Who supports whaling? Some of your
favorite little diving nations, that’s who,
because Japan promises development dollars
if they join the International Whaling
Commission. You see, Japan wants to
end the moratorium on commercial
whaling. Currently, Japan, Norway and
Iceland kill more than 2000 whales annually
under a loophole allowing scientific
research (much meat turns up in markets,
some as sushi). At the June IWC
conference on St Kitts, Japan engineered
a 33 to 32 vote to pass a nonbinding declaration
that changes the commission’s
purpose to ensuring that whales are “not
over-harvested,” rather than from protecting
all whales. This sets up a vote next
year to legalize whaling and convert the
IWC from a conservation organization
to a manager of whale culling. Some
of your favorite Caribbean dive venues
are supporting whaling — Dominica,
Grenada, St. Kitts and Nevis, St. Lucia, St.

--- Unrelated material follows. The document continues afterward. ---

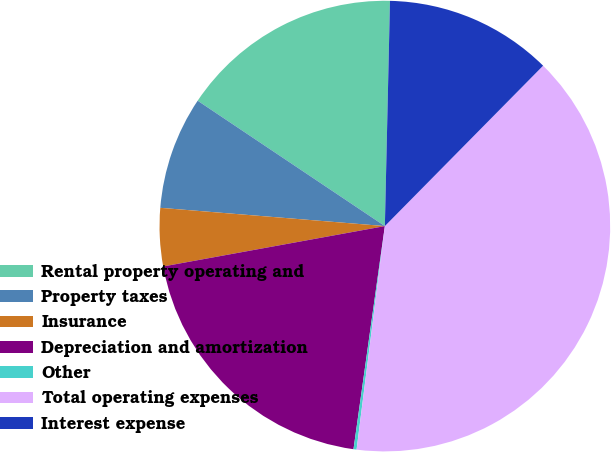<chart> <loc_0><loc_0><loc_500><loc_500><pie_chart><fcel>Rental property operating and<fcel>Property taxes<fcel>Insurance<fcel>Depreciation and amortization<fcel>Other<fcel>Total operating expenses<fcel>Interest expense<nl><fcel>15.97%<fcel>8.1%<fcel>4.16%<fcel>19.91%<fcel>0.22%<fcel>39.61%<fcel>12.03%<nl></chart> 
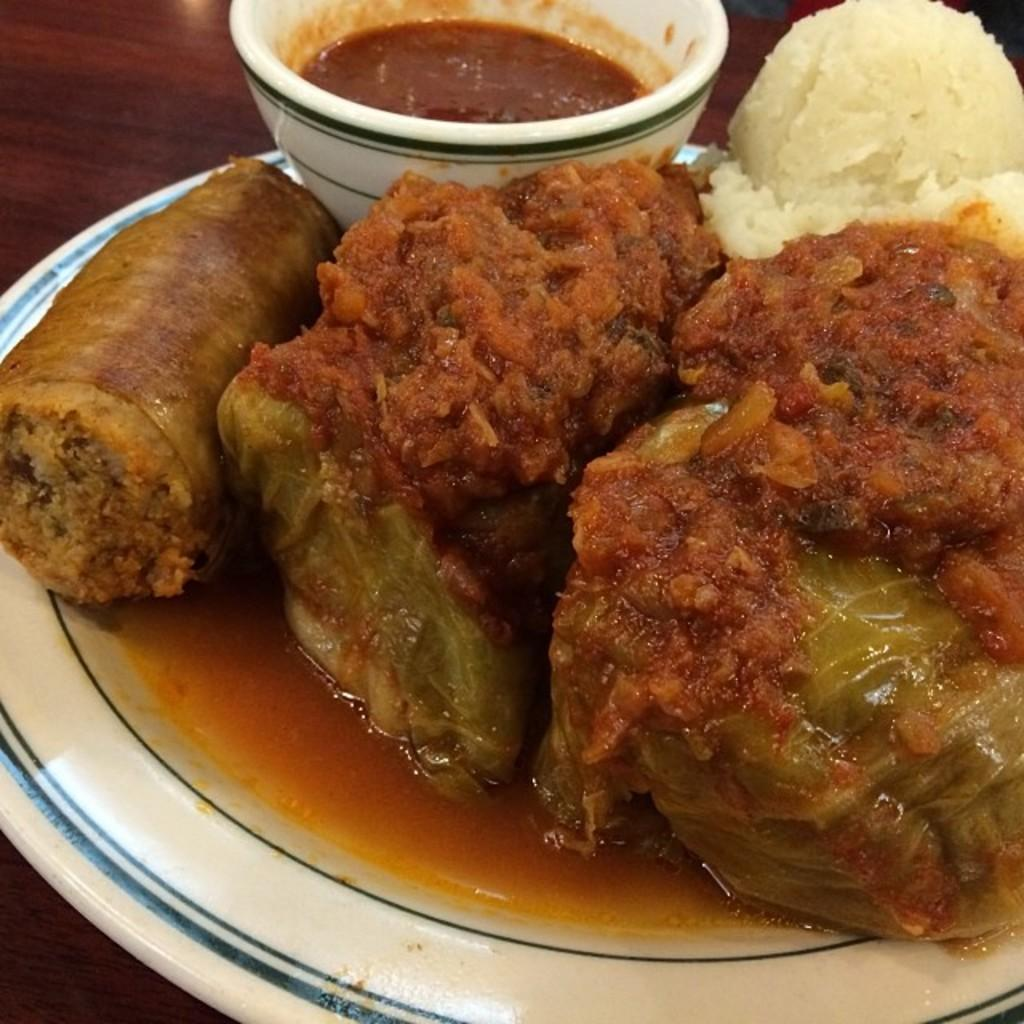What is present on the wooden platform in the image? There is a plate, food, and a bowl on the wooden platform in the image. What type of food can be seen on the plate? The specific type of food is not mentioned, but there is food visible on the plate. What is the bowl used for in the image? The purpose of the bowl is not specified, but it is present in the image. How much money is on the wooden platform in the image? There is no mention of money in the image; it only features a plate, food, and a bowl on a wooden platform.

Vincent, Antigua. In the Pacific there is
Palau, Solomon Islands, Marshall Islands
and Kiribati. Boycott anyone?
Cozumel: A longtime diver-oriented
hotel, the Barracuda is no longer, says
Jerrord Harrision (Austin, TX), who stays
there because “we prefer a laid-back,
quiet vacation. It now has a pool with
swim-up bar that serves snacks. They have
knocked out walls through the hotel to
create an entrance from the street to the
bar. Therefore, tourists constantly flowed
from the street. My wife and I had room
#104, literally 12 feet from the bar. Now,
if I were 19 and on spring break, it would
have been great, but I could never get
away from the noise. Every time I went
into my room on the weekend, I had to
clear people off my patio because they
treated it as part of the pool area. The
crowd got downright rude, loud, drunk
and obnoxious.” Be forewarned.
Pardon our narcosis. In a May article
on diving health issues, we misquoted
DAN’sTM Joel Dovenbarger as saying that
many central nervous system meds contain
nitrogen, so risk is relative to depth.
Before Dovenbarger had a chance to correct
our error, subscriber Damon Martin
MD, Ph.D. (Colstrip, MT), emailed us
to say that no medicines contain nitrogen
or the nitrogen molecule (N2), nor
do any have a biochemical metabolism
in the body that converts the nitrogen
atoms in the medicine to a nitrogen gas.
Dovenbarger concurs with Dr. Martin
that the side effects of medications can
worsen at depth, “but it has nothing to
do with nitrogen in the molecular makeup
of the medicine.”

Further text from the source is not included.